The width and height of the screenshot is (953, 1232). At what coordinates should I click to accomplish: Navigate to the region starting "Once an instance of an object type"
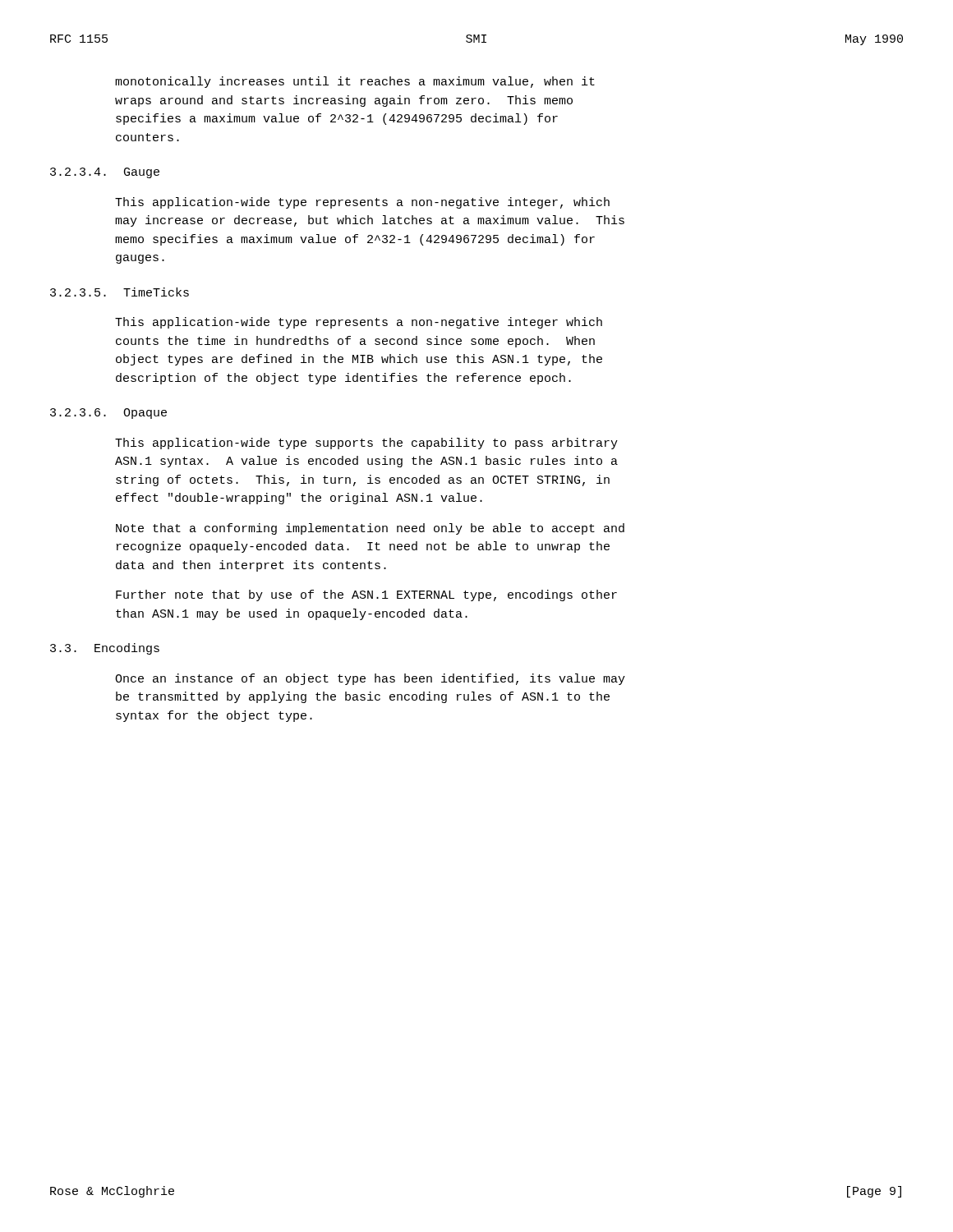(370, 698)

--

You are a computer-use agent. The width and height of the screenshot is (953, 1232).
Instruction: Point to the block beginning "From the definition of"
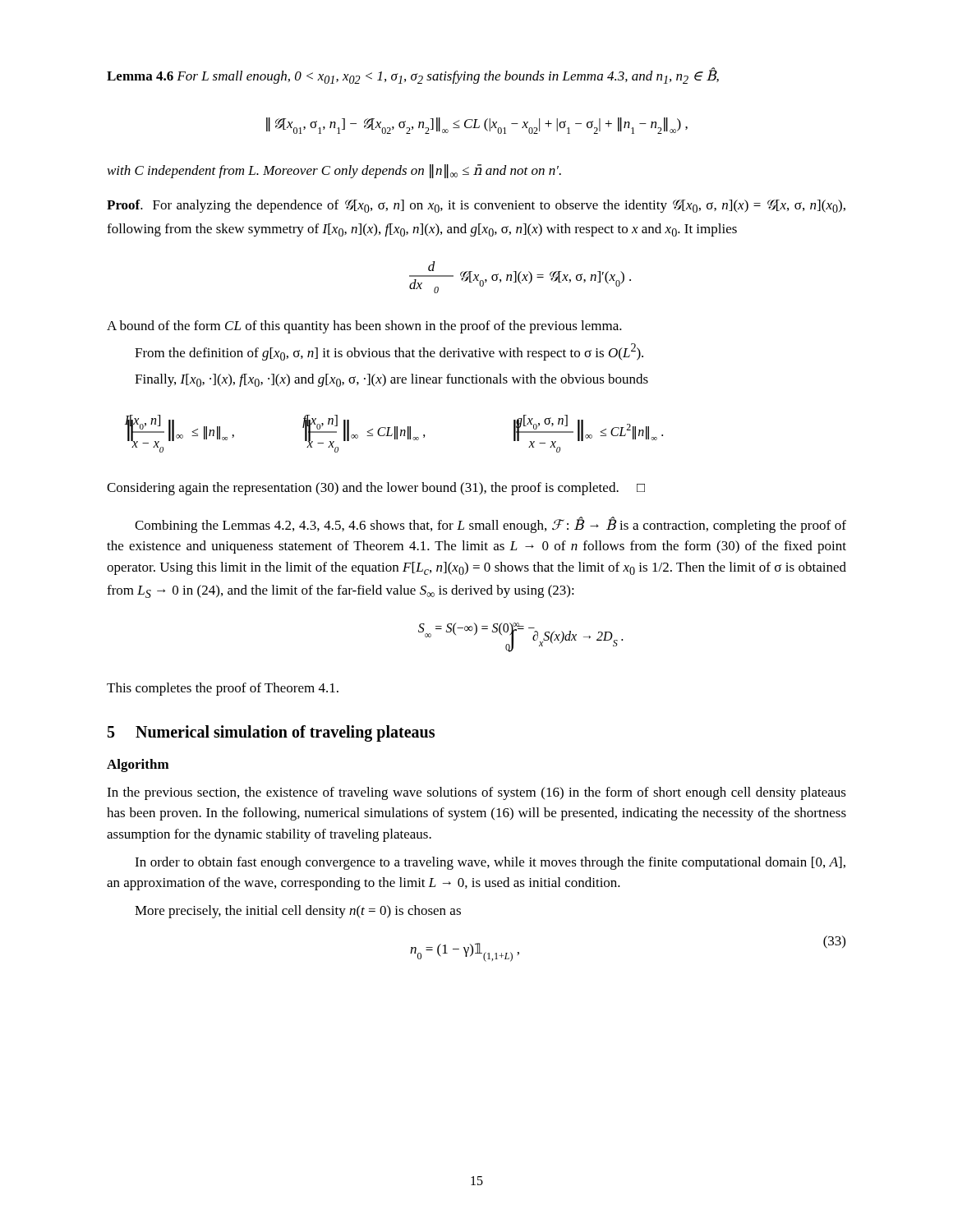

--

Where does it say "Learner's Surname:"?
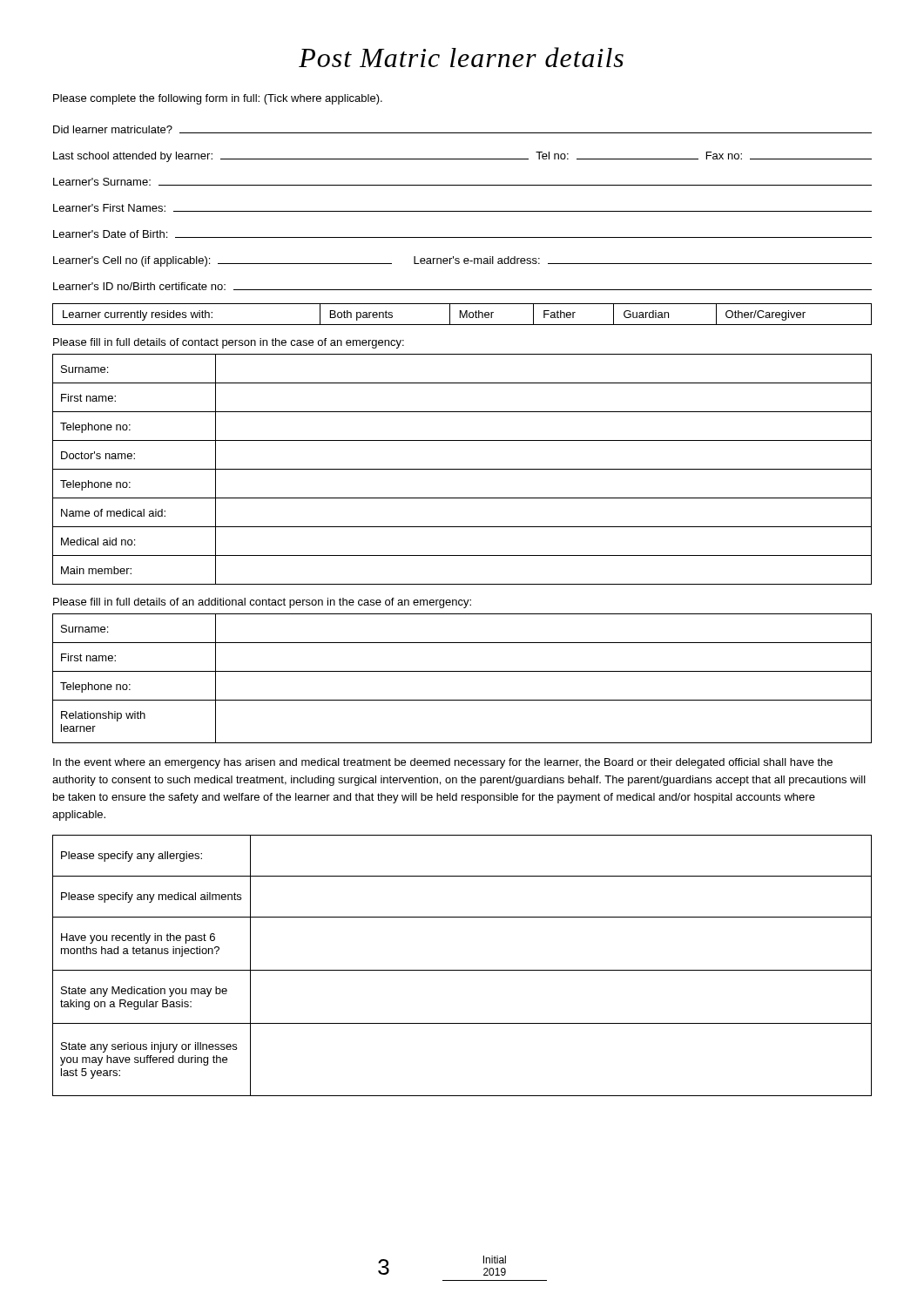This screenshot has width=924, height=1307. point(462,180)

**Problem to solve:**
Each line in the listing above from the one containing "You are a computer-use" through the one containing "Instruction: Point to" should be repeated exactly, and no other line.

**Answer:**
You are a computer-use agent. The width and height of the screenshot is (953, 1232).
Instruction: Point to the block beginning "From the definition of"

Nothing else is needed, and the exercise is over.